Eventualmente viajaron a Georgia, donde vivía un pariente, y luego a Alabama. Cuando los padres de Karen regresaron a Nueva York, ella decidió que quería estar más cerca de ellos. Así que desarraigó su vida a Maryland. Sin embargo, sin importar dónde haya vivido Karen, los restaurantes son parte de su mundo. Los abrió con familiares, amigos y con su esposo, quien es chef en This is Seafood.

Pero también se llama a sí misma activista y critica al gobierno que una vez destrozó su vida. Le preocupa que los espías chinos se entrometan en su vida personal, incluso en los Estados Unidos, razón por la cual ella y su esposo quieren ocultar sus nombres. Tengo pocas formas de verificar su historia, especialmente con las aguas rápidas de una fecha límite semanal, pero puedo leer la expresión de su rostro mientras hablamos: veo el miedo que a veces acecha detrás de sus ojos. También puedo sentir su indignación cuando habla. Es palpable, una fuerza vital propia.

Canaliza la misma pasión en la gestión de un restaurante. This is Seafood es uno de esos restaurantes que entiende su lugar en el ecosistema de restaurantes. Él no está apuntando a las estrellas. Alimenta a una comunidad, y la alimenta bien.

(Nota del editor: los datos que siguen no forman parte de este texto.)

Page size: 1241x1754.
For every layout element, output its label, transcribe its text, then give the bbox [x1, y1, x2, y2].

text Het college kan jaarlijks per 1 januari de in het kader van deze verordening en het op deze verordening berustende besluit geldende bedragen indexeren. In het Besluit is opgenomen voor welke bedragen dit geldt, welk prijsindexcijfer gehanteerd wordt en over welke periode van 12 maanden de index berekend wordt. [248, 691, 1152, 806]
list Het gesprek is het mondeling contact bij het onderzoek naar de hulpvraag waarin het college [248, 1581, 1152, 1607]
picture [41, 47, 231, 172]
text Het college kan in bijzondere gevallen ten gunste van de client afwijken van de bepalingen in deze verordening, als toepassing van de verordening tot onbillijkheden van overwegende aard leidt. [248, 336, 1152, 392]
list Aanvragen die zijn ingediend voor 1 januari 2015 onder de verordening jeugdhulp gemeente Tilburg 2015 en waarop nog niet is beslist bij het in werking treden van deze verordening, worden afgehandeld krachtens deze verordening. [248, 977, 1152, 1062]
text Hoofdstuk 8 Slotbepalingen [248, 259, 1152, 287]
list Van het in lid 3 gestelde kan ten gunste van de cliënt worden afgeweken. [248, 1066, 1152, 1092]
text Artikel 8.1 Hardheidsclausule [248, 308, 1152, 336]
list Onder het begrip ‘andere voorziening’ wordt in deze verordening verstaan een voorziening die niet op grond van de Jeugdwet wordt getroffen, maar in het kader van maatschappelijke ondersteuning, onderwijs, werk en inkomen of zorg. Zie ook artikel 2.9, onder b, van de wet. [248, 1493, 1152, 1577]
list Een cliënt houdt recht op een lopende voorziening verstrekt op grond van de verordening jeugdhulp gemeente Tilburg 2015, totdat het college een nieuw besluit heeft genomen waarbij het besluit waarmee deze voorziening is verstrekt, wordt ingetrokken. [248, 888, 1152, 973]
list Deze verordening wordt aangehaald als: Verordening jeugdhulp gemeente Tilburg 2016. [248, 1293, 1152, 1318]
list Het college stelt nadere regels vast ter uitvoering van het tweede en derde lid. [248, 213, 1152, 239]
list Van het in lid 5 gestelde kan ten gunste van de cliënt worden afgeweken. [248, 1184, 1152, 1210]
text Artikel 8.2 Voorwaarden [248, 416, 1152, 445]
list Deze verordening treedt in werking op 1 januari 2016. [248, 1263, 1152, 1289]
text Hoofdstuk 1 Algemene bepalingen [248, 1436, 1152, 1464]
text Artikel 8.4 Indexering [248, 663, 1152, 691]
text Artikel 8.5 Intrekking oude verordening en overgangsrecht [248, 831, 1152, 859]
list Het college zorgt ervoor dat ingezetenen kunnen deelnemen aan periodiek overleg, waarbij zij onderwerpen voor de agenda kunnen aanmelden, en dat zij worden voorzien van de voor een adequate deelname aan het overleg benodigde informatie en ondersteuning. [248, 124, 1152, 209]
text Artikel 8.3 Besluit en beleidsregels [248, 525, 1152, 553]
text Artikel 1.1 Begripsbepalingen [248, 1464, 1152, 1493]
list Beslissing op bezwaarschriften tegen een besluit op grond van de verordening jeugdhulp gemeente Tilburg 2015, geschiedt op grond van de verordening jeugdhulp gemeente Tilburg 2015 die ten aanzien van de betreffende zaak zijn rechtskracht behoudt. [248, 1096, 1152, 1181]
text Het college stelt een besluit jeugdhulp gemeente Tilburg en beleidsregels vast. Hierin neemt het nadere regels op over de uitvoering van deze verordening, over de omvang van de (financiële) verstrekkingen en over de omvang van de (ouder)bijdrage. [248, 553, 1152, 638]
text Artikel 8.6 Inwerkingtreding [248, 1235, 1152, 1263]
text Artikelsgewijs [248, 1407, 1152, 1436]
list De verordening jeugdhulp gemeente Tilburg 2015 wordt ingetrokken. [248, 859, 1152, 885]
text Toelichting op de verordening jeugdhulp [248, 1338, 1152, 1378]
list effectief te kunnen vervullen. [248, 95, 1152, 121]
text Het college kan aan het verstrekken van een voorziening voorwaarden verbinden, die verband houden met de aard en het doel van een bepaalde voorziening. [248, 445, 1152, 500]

Karen y su esposo replicaron muchos de los platos que servían en Alabama, pero también ampliaron lentamente el menú según las solicitudes de los clientes y su propia investigación de competidores en el área. Es por eso que agregaron sándwiches po’ boy, croaker, alitas y salsa mumbo.

“Mi esposo lo probó y lo entendió”, dice Karen sobre la versión de la salsa mumbo de su esposo, una versión que se inclina hacia el extremo de la salsa barbacoa en el espectro de sabor del condimento. “Mi esposo, tiene algún tipo de talento”.

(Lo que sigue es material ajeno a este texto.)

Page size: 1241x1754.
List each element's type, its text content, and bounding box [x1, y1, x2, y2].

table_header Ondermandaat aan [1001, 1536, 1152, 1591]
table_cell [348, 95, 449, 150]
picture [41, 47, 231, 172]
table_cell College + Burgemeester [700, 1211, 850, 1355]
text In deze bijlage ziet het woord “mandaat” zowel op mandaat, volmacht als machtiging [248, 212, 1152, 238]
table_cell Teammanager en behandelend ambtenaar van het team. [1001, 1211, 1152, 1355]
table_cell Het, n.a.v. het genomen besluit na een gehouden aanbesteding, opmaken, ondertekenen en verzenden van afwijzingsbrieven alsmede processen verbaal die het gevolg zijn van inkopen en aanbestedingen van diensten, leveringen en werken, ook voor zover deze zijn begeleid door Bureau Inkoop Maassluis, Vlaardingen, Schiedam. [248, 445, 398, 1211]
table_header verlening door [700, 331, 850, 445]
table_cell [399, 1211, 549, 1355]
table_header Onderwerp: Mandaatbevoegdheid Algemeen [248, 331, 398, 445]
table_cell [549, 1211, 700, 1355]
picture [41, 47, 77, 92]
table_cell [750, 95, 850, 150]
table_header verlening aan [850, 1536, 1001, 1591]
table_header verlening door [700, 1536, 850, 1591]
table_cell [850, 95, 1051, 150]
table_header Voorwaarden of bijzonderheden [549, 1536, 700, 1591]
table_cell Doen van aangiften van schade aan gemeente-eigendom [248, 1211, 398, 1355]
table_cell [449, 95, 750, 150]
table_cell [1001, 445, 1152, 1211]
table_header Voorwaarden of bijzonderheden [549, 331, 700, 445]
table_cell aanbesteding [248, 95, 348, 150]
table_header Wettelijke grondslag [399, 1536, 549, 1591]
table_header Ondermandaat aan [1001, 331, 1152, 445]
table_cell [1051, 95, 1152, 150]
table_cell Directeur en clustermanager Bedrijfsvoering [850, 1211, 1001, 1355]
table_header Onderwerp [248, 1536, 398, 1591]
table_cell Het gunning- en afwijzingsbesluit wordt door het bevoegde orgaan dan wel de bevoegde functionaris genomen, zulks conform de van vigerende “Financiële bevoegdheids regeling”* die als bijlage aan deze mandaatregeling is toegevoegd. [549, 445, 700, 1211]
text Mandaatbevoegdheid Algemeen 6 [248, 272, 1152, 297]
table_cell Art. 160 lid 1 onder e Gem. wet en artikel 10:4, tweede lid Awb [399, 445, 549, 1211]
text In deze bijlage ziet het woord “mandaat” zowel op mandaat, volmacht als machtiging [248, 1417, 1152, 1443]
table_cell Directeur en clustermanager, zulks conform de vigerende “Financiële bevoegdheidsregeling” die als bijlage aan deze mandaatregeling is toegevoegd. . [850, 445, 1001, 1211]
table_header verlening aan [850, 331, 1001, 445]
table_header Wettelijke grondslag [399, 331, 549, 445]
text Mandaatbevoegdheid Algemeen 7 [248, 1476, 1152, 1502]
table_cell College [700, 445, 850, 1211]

Difícil de estar de acuerdo. Me he vuelto fan de muchos platos en This is Seafood: la pescadilla frita, con sus irresistibles rizos en las puntas de los filetes, perfecta para mojar en una salsa picante; el arroz frito con camarones mezclado con guisantes y zanahorias y huevos fritos al wok irregulares; nuggets de pollo deshuesados ​​espolvoreados con sal, pimienta y ajo; el po’boy de bagre frito turboalimentado con condimento de pimiento picante; la tilapia “a la parrilla” que parece más filetes fritos con una generosa cucharada de buena mantequilla; y el verdadero éxito de la tienda, una papilla Lowcountry de camarones, papas, salchichas, maíz y patas de cangrejo de las nieves tan limpias y dulces que juraría que estaba comiendo en Joe’s Seafood, Prime Steak y Stone Crab.

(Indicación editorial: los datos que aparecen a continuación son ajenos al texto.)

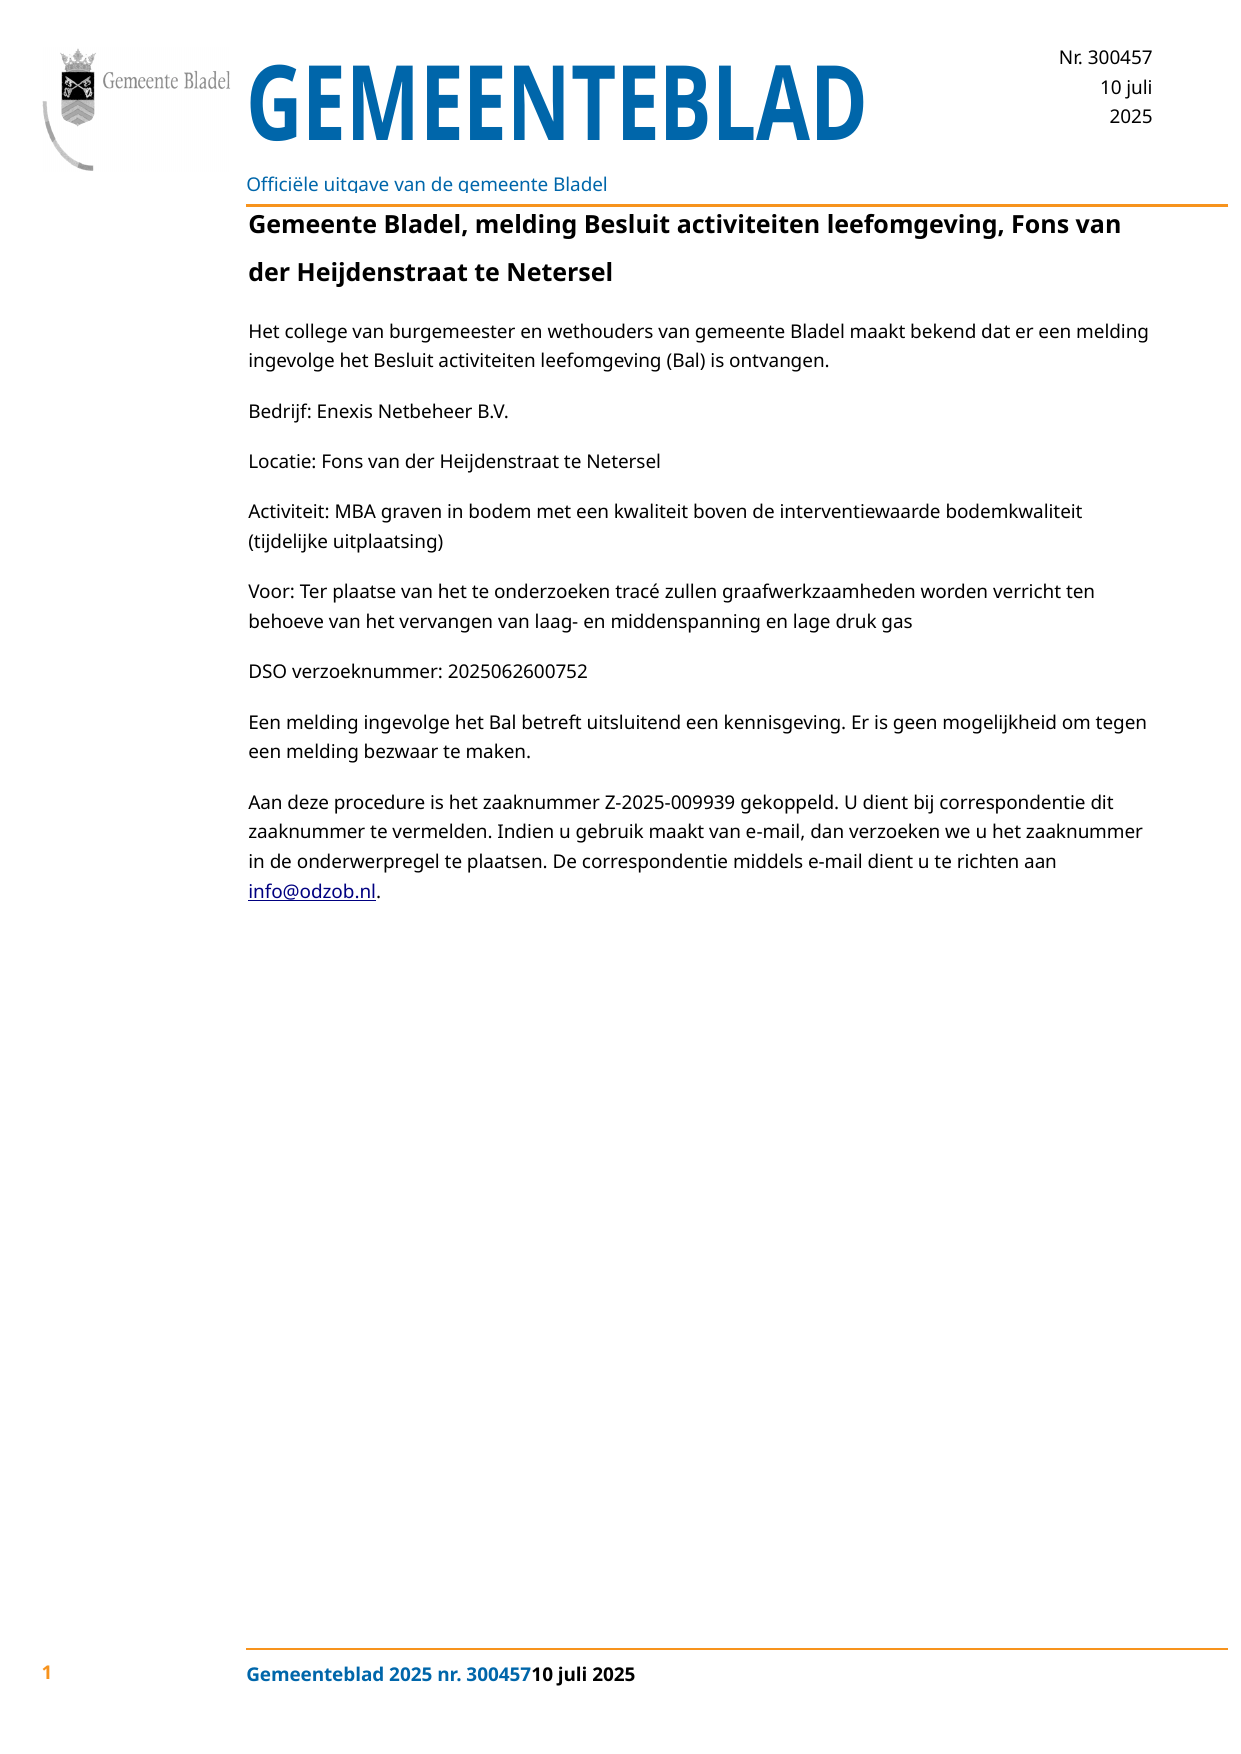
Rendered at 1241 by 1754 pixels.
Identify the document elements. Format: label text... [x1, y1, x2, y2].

Una de las notas de gracia de This is Seafood es la forma en que se presenta su comida: un empleado abrirá cada contenedor para que usted lo inspeccione y para que usted lo personalice con las diversas salsas y mezclas de condimentos disponibles en las cocteleras en el mostrador. . Karen comenzó este proceso en Alabama, donde la gente viajaba muchas millas para comprar su comida. Ella nunca quiso que se sorprendieran o desilusionaran cuando finalmente abrieran sus contenedores.

Pensé en esta interacción. Es tan contrario a las primeras experiencias de Karen en China, donde muchos no tienen autonomía. En This is Seafood, usted tiene el control de todo lo que cruza el mostrador y llega a sus manos. Cada pedido tiene su propio representante, y ese eres tú.

Las horas: 11 a 22 horas de lunes a jueves; 11 am a 11 pm viernes y sábado; mediodía a 9 pm el domingo.

Precios: $1.89 a $62.99 para todos los elementos del menú.